Danni's story

Danni’s father was a minister and missionary, and the family moved around a lot as he spread the word of the Church. In the early 1980s they were living in Queensland, and Danni’s older sister was married to another minister, Leon Dreller.

Dreller would give Danni gifts and massages, and try to engage her in sexually explicit conversations.

‘You’re very innocent at 15 and 16, you don’t know anything much about the world and the way it works, especially when you’ve been protected in a religion. And so you’re keen to please, eager to please, in a healthy way. And you want to get on with people, and he was like a youth minister so he had a lot of access to a lot of young girls and would make them, you know, his buddies and that sort of thing.

‘You know, lots of stirring and mucking around which is all okay, on the surface ... but then it becomes something else and that’s the part that you realise – or you start to realise that this is not the fun and games that you thought it was.’

One night, when her sister and brother-in-law were visiting, Danni woke up to find Dreller in her room, digitally penetrating her. He ran out of the room, and she immediately told her sister.

‘Because of our religion, my sister absolutely freaked out and said, “Don’t you dare tell anybody” because, you know, there’s a lot at stake, and left … packed him up in the car and left.

‘And that’s where it’s all under the carpet, isn’t it, because there are careers to be lost, there are reputations at stake, and the [Church] is very small and an “everyone knows everything about everyone” sort of Church.’

Danni said her behaviour changed straight away. She became very rebellious, ‘angry, lots of anger, rage, fury, but I couldn’t have articulated that then. You can only articulate it later when you’ve had your journey with rage and anger and fury’.

She also started to pull away from her faith. ‘I still had to go to church, I was forced to go to church, but I would ask questions and be a real stirrer and be quite disruptive and get kicked out of things. And quite enjoyed that for a while and then just completely left them.’

Her sister’s marriage broke up a few years later, after Danni’s husband caught Dreller having sex with an underage girl from his congregation. Danni said her sister tried to tell the Church but ‘nobody really listened to her’.
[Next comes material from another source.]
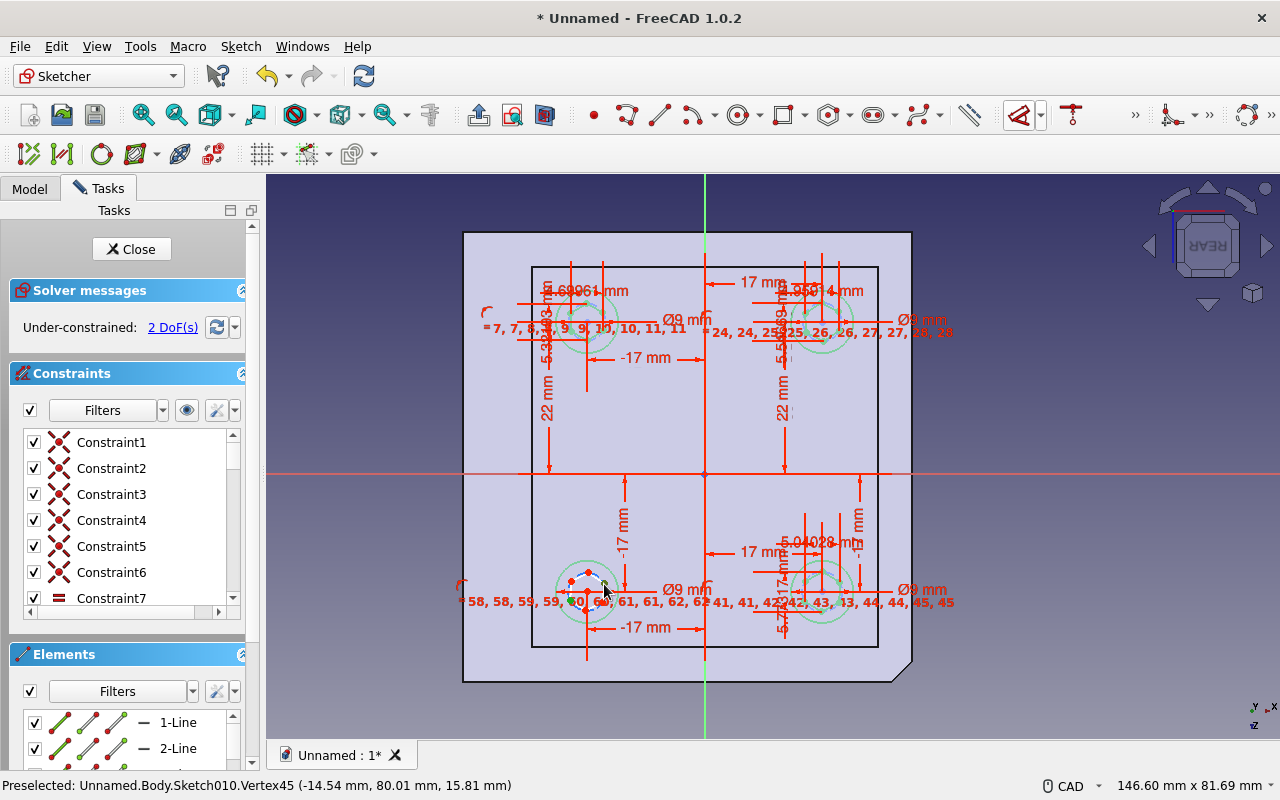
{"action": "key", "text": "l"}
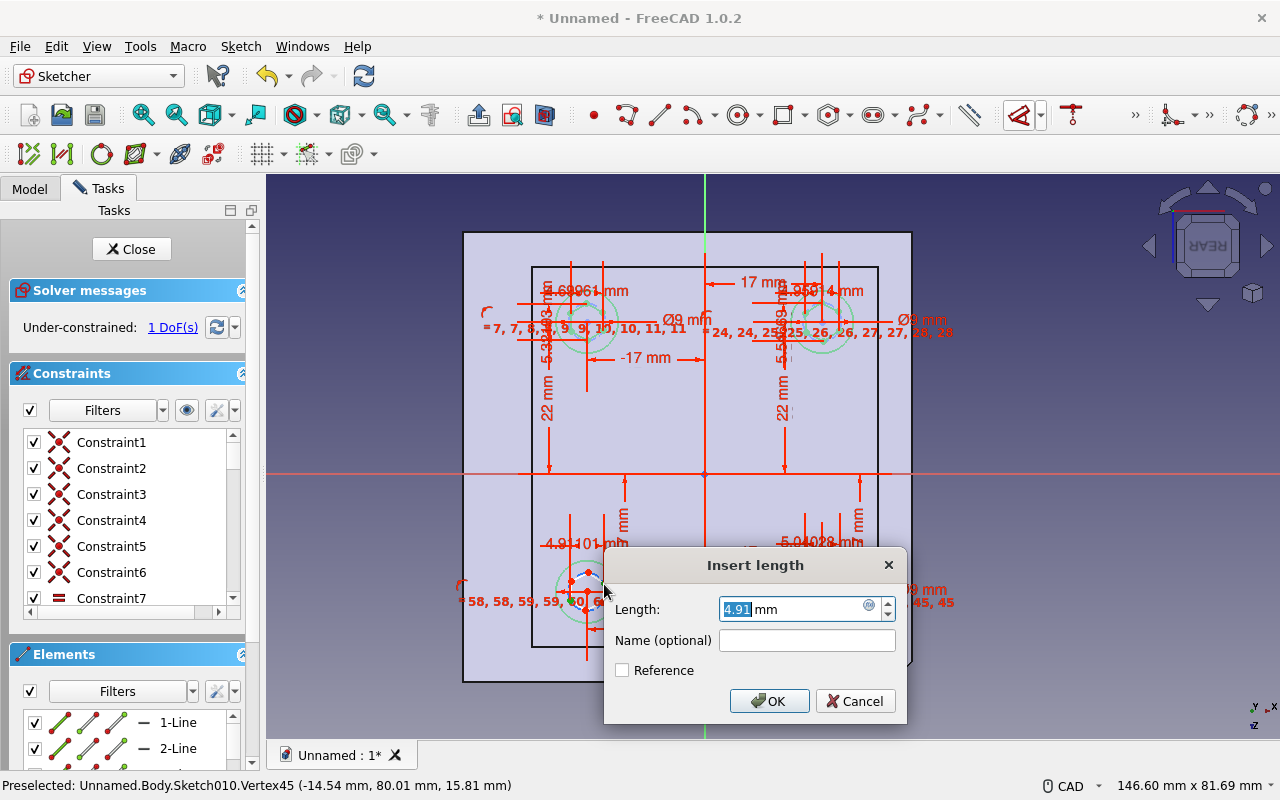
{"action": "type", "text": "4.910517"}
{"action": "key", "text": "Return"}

‘Her marriage was breaking down, her life was in ruins, everything that she’d been groomed for, to be a minister’s wife and all that sort of shit had just, you know, gone. And you don’t let go of that easily when you’ve been brought up in it all your life. All of my parents’ expectations were heavy on her. I chucked ‘em off but my sister did not.’

Around this time, Danni’s parents came to know that she had been sexually abused by Dreller. Neither incident was ever reported to police.

However, as she spoke with the Commissioner, Danni realised that Dreller might still be working with, and a danger to, children. She was given information about the free legal service, knowmore, and was going to think about making a formal statement.

Danni also described two lasting impacts of the abuse. The first, like so many survivors, was trust. Even after having ‘a lot of counselling’, she said, her trust issues still reappear, even with her husband.

‘I hate that it does but it does. And the man I’ve married is a wonderful man and very worthy of trust and my daughters’ trust and everybody’s trust, and that’s wonderful, and he hasn’t deserved some of the mistrust that I have given him in the past.’

The second impact Danni described as ‘a gift’.

‘I have brought my daughters up to be militant about watching, saying no, you know, whenever they would go and play anywhere, watch any uncles or any friends or whatever that come over … to be aware, from a very young age, that there is men that are wonderfully trustful and there are men that are not and you have got to know the difference and trust your gut feeling and be really intuitive.

‘And thankfully, I’m very certain that they’ve never had any of this to contend with themselves, which is just wonderful. And that’s very healing for me as a mother and very empowering … I was belted for saying no as a young girl, so I told my kids it’s okay to say no, it’s healthy, it’s good and they’re very assertive girls and women and I’m very proud of them and proud of myself for that.’

She was equally passionate about her recommendation for the Royal Commission.

‘They need a handbook, all churches need a handbook of how to deal with this when it’s happened and they need to be accountable to government, I think … they need a policy … a clear, transparent, informed by this sort of current research policy … and not just move the guy to Perth or move the guy to some other place or whatever … it needs to comply with the law of the land and it needs to be transparent for everyone to see.

‘They need to get rid of this idea that they’re above the law.’